→ **Task brief**
Transcribe each record word for word. Skip the images.

→ **Provided material**
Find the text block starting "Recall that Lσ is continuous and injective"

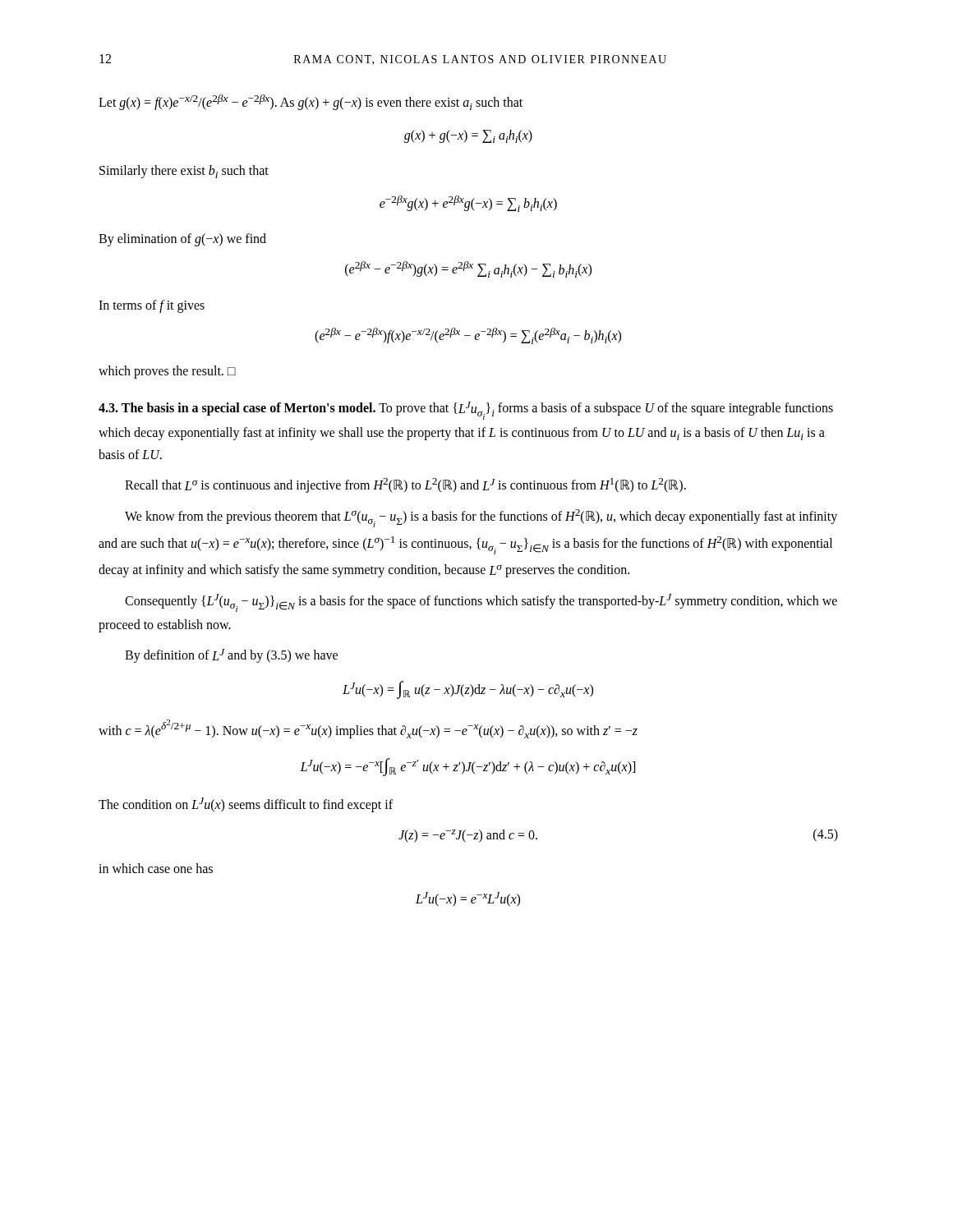tap(406, 484)
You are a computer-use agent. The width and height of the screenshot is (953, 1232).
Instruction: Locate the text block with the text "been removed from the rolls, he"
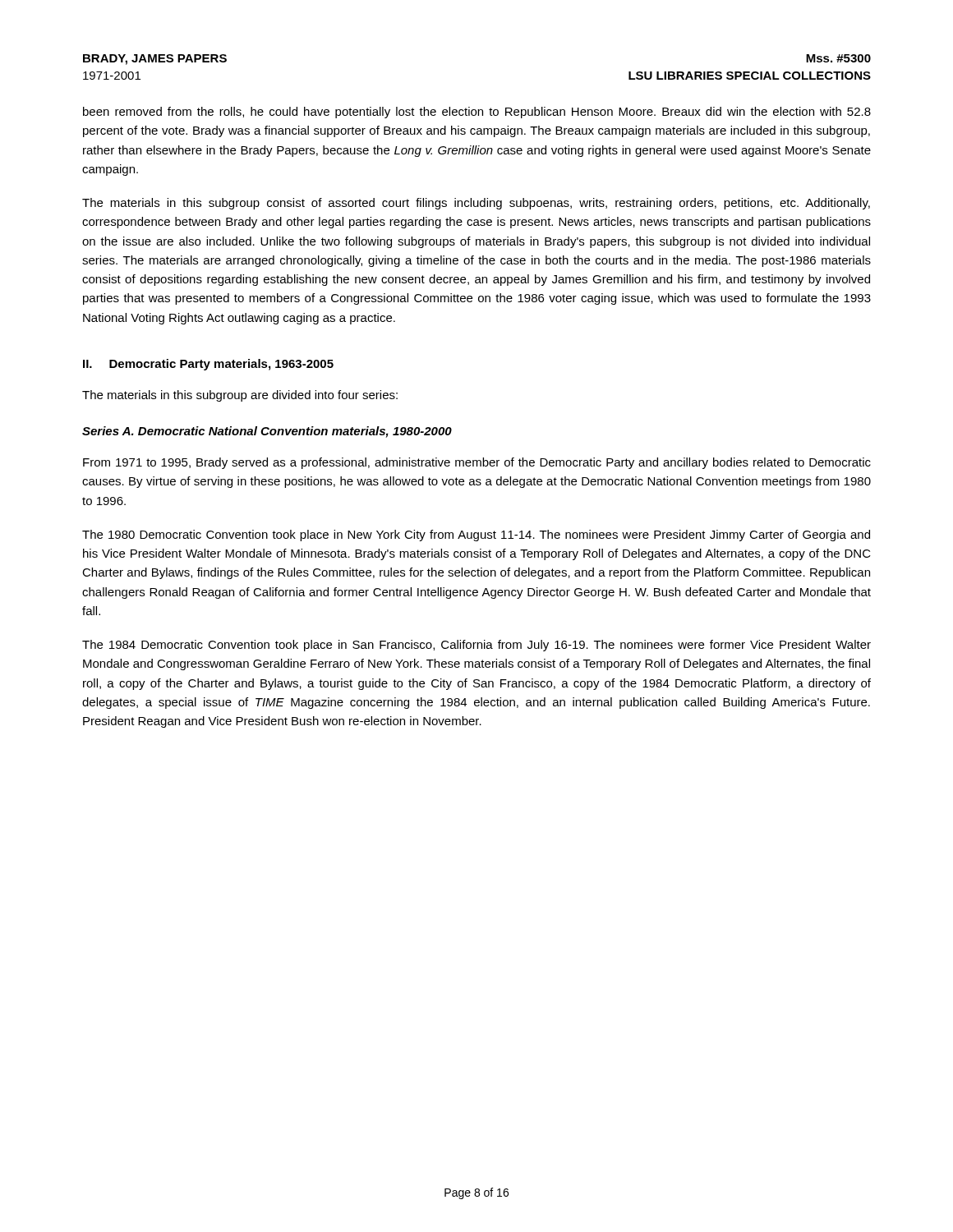tap(476, 140)
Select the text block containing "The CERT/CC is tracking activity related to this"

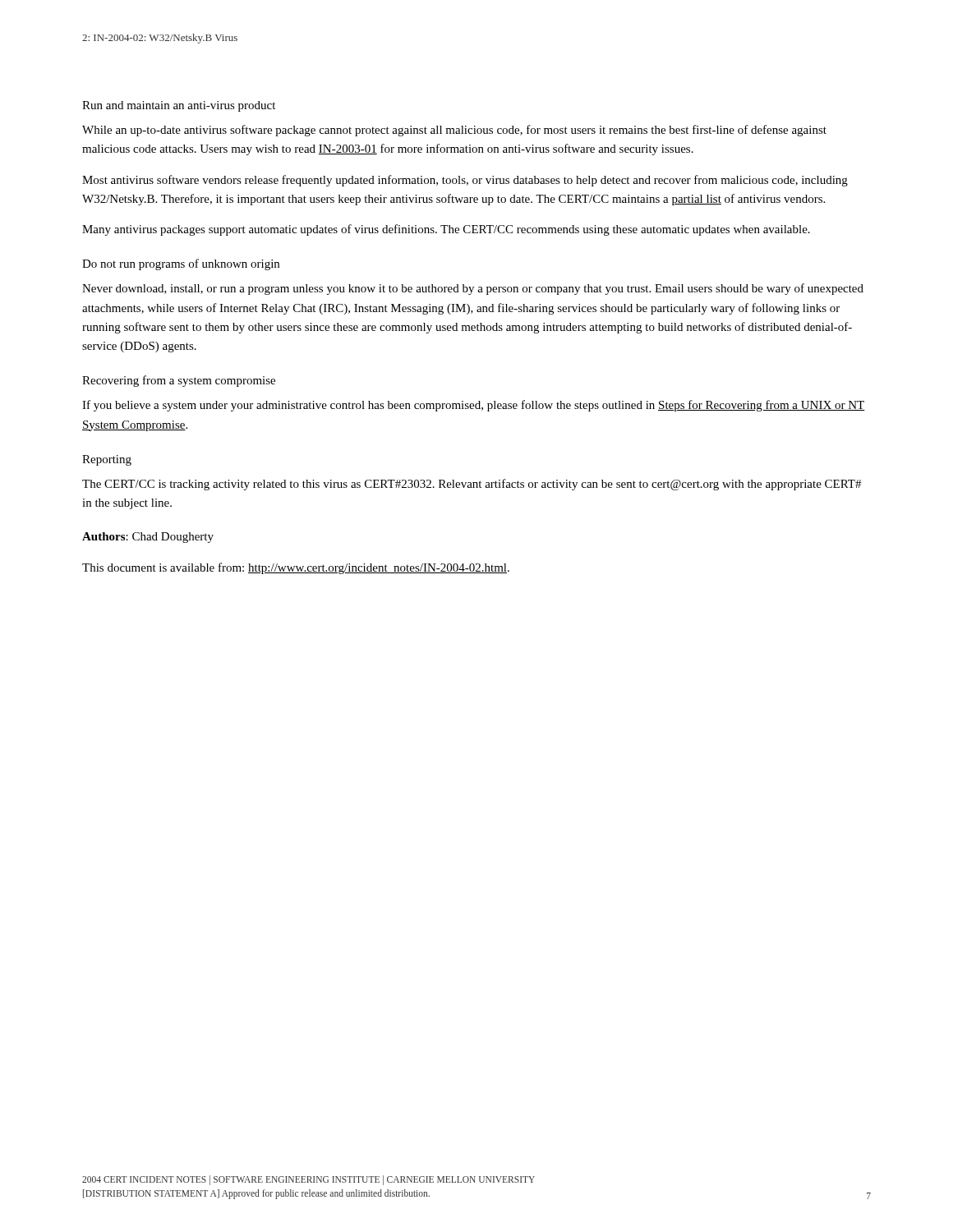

→ **Reply to the task**
Find the text block starting "Recall that Lσ is continuous and injective"

tap(406, 484)
You are a computer-use agent. The width and height of the screenshot is (953, 1232).
Instruction: Locate the text block with the text "been removed from the rolls, he"
tap(476, 140)
Select the text block containing "The CERT/CC is tracking activity related to this"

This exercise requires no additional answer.